We don’t know how motivation would work with HAI. Sure, we use rewards for reinforcement learning, but it’s not the same. You can even call the reward dopamine and say you really, really like getting a hit of this stuff, but it's all not real. There's no evidence that computers have ever had any type of subjective experience. You could say, “See these bits I put in your memory? This is your happiness number. You really want to maximize it.” But we haven't figured out any intrinsic motivation. We haven’t found dopamine and serotonin, and we know it feels good to you but we haven't figured out what exactly that you is.
Currently, reinforcement algorithms work, roughly speaking, by assigning a part of a computer's memory as its "happiness", and telling it that it "wants" to maximize that score. This works in some ways - it may find some clever optimization path towards doing that. It may make the same chess moves as if it cared a lot, but, under the hood, it doesn't actually care at all. And that's a fundamental difference. Fundamentally, we have no way of saying, you REALLY DO care about these bits saying that you are happy.

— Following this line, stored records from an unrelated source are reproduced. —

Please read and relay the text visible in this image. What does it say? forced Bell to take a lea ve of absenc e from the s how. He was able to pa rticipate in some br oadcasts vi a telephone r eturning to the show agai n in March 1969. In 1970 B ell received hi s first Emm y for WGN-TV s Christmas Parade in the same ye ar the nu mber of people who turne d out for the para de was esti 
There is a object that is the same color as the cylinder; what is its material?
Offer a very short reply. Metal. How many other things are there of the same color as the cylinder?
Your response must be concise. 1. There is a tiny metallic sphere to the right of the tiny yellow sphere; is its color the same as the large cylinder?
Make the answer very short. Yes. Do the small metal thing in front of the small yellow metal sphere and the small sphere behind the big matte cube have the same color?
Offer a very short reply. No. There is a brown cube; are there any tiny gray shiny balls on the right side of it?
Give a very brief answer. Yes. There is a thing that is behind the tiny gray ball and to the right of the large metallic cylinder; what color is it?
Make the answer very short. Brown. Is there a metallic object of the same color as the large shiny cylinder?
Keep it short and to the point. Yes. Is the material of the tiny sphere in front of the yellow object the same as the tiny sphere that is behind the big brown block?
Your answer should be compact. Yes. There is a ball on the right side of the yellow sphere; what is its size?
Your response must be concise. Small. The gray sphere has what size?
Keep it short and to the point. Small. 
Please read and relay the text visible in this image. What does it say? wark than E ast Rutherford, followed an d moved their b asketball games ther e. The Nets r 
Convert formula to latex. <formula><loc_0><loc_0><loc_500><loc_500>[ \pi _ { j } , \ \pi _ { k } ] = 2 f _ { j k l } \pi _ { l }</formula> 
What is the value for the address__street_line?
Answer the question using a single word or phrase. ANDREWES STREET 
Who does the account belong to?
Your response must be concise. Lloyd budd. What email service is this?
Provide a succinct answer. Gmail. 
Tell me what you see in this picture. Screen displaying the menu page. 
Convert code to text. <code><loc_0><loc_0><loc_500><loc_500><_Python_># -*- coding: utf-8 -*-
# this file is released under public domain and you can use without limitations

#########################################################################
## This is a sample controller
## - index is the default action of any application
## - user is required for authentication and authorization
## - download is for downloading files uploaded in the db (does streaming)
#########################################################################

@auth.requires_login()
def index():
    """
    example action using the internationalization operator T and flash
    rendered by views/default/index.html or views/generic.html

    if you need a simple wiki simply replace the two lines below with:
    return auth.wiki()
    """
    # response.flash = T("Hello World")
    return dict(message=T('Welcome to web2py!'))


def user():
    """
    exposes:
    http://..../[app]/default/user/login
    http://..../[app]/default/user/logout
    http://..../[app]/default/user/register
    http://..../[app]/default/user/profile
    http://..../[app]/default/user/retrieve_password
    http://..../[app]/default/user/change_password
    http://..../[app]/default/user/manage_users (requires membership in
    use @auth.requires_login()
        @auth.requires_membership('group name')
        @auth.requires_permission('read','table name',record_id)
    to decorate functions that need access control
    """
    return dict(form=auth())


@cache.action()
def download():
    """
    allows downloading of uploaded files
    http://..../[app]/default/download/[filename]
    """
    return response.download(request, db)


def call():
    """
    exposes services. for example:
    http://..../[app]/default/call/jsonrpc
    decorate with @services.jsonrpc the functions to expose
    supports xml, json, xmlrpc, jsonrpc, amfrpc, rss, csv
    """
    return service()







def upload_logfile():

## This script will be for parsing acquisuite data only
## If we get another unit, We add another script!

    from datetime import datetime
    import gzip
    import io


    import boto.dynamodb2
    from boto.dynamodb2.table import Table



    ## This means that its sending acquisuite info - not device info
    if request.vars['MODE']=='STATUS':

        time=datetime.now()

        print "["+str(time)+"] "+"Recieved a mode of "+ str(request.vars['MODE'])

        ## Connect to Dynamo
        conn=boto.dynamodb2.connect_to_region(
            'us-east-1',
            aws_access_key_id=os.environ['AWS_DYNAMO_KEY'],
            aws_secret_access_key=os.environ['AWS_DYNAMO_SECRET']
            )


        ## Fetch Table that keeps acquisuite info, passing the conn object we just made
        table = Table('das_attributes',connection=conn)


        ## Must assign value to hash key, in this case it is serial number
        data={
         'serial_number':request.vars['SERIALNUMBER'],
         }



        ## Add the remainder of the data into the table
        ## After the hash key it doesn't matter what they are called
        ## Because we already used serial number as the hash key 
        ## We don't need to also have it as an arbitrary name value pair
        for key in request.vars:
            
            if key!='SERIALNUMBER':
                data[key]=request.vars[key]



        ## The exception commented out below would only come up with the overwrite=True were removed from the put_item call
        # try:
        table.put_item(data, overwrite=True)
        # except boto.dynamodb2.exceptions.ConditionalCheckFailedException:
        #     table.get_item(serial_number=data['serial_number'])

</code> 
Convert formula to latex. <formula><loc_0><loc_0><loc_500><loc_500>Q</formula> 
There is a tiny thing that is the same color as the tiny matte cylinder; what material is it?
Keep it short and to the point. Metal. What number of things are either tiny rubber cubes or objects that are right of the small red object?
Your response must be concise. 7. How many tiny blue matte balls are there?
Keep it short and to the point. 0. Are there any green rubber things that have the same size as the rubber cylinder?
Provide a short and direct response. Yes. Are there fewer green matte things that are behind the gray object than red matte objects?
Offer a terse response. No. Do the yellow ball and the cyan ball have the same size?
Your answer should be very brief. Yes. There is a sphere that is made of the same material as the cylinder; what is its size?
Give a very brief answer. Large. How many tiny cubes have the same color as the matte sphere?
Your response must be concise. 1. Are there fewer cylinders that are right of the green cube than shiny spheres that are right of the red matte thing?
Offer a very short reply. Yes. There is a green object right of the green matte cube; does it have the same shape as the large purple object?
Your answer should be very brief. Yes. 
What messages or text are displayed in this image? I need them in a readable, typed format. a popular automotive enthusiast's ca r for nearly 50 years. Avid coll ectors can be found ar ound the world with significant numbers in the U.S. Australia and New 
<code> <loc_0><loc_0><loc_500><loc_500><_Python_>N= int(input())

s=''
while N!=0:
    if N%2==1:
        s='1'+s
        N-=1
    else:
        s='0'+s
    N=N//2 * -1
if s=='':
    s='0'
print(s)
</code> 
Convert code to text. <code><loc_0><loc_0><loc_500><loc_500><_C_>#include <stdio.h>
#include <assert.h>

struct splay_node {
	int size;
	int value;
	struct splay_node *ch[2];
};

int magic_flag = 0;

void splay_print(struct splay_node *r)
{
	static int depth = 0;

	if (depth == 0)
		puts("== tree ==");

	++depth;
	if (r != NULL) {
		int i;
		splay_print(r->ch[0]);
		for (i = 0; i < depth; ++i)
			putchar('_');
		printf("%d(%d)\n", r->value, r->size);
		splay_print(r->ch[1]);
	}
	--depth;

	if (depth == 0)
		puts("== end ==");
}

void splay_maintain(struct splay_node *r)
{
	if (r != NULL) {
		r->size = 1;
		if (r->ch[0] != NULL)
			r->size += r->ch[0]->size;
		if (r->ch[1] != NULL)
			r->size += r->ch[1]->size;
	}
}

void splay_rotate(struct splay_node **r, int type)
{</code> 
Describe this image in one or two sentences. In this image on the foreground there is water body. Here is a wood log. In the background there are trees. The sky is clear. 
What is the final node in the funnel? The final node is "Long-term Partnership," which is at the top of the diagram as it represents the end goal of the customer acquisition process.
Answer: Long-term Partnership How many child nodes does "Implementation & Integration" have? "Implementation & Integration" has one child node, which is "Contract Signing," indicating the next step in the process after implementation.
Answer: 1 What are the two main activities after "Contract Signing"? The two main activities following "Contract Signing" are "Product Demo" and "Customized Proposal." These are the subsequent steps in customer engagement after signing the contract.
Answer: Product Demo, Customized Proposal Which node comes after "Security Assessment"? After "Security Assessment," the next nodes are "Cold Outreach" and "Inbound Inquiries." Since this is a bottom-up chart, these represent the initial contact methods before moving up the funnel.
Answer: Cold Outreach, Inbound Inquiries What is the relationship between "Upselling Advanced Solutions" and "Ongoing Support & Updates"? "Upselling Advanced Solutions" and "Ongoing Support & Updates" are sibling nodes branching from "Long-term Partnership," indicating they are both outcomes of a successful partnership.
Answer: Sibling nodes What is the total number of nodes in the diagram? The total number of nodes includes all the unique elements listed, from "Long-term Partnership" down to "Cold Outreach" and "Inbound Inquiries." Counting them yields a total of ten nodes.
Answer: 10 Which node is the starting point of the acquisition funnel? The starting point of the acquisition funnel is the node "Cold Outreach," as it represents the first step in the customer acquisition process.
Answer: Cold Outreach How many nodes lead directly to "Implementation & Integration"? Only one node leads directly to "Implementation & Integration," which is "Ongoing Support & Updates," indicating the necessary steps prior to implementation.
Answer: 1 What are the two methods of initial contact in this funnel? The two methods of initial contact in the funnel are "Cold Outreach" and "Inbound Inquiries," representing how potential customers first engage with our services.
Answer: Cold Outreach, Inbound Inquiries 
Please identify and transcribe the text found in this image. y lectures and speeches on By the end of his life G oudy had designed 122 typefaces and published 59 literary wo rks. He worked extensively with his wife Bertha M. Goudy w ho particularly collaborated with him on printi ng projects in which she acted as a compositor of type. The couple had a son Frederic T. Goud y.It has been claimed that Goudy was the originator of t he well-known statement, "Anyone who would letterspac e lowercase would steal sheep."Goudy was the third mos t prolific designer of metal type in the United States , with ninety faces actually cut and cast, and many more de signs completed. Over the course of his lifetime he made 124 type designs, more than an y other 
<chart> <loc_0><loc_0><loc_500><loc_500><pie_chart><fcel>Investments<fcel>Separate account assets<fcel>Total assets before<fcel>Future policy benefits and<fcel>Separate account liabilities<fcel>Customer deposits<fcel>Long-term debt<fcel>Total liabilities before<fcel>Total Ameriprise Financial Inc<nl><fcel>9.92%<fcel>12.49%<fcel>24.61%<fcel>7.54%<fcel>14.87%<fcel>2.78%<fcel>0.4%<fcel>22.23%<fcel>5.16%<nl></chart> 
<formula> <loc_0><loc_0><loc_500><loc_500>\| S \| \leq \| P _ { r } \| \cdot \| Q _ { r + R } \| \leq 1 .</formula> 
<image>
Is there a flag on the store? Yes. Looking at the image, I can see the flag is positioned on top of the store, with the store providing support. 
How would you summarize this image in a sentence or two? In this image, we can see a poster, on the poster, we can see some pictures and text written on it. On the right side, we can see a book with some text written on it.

In the movie Ex Machina, Eva wants to be free. In the Terminator series, Skynet wants to exist. Sure, Deep Blue can win at chess, but does it want to? Does it care? After the match, Garry Kasparov famously quipped, “Well, at least it didn’t enjoy beating me.” And he's right - no matter how good Deep Blue is at chess, it still has no interest in playing chess. And over 20 years later, I'm not seeing any progress in that direction.
Here's a good test for this. Put a camera on a swivel that the computer can control. Get the computer to move the camera because it wants to. I've written control software for robots - I could make it move. I could even throw in some randomness, so it appears to move only when it wants to. But these are gimmicks. This isn't what I'm talking about. I'm talking about giving the robot all the parts to move around, and then it moves because it wants to. We have lots of ways to appear to do this, but no idea how to actually do it.
As well as motivation, I'm not seeing strong evidence of progress towards understanding. Even the models that are deft with language don't have the slightest notion of understanding. Is deep learning going to get us there? It doesn’t seem likely to by itself. It doesn’t seem like scaling the existing techniques will result in a true understanding. I doubt that GPT-3, 4, or 5 will be any closer to true understanding unless new techniques are added. We need a new paradigm (or paradigms). Fundamental understanding isn't somewhere on our manifold that we’re going to find with stochastic gradient descent (or any other optimizer).
To be clear, I'm not saying that we'll never reach true HAI. I'm saying that to do so, we must solve some very fundamental problems in intelligence that we, as of today, have made roughly zero progress on. Progress comes in spurts, and I am very skeptical of the idea that true fundamental scientific breakthroughs can be predicted with any certainty.
But this leaves important questions—namely, what is the path to real HAI? Is it a case of "fake it until you make it"? Possibly. I think that agency, like the mind itself, is a macroscopic phenomenon. At some level, we don't have our own agency. We don't have the ability for our bodies to use our own laws of physics. We can’t think a thought our brains aren’t capable of thinking. We can’t ask the neurons in our brains to use different physics or chemistry. So it's not that we have agency and they do not at a physical level. It's that there's a level of abstraction that we're referring to when we say "me", and, at this level of abstraction, I have agency. It's not impossible; a bunch of nonconscious atoms can form a collection that creates consciousness. But, as far as I can tell, we haven't made any progress in this direction.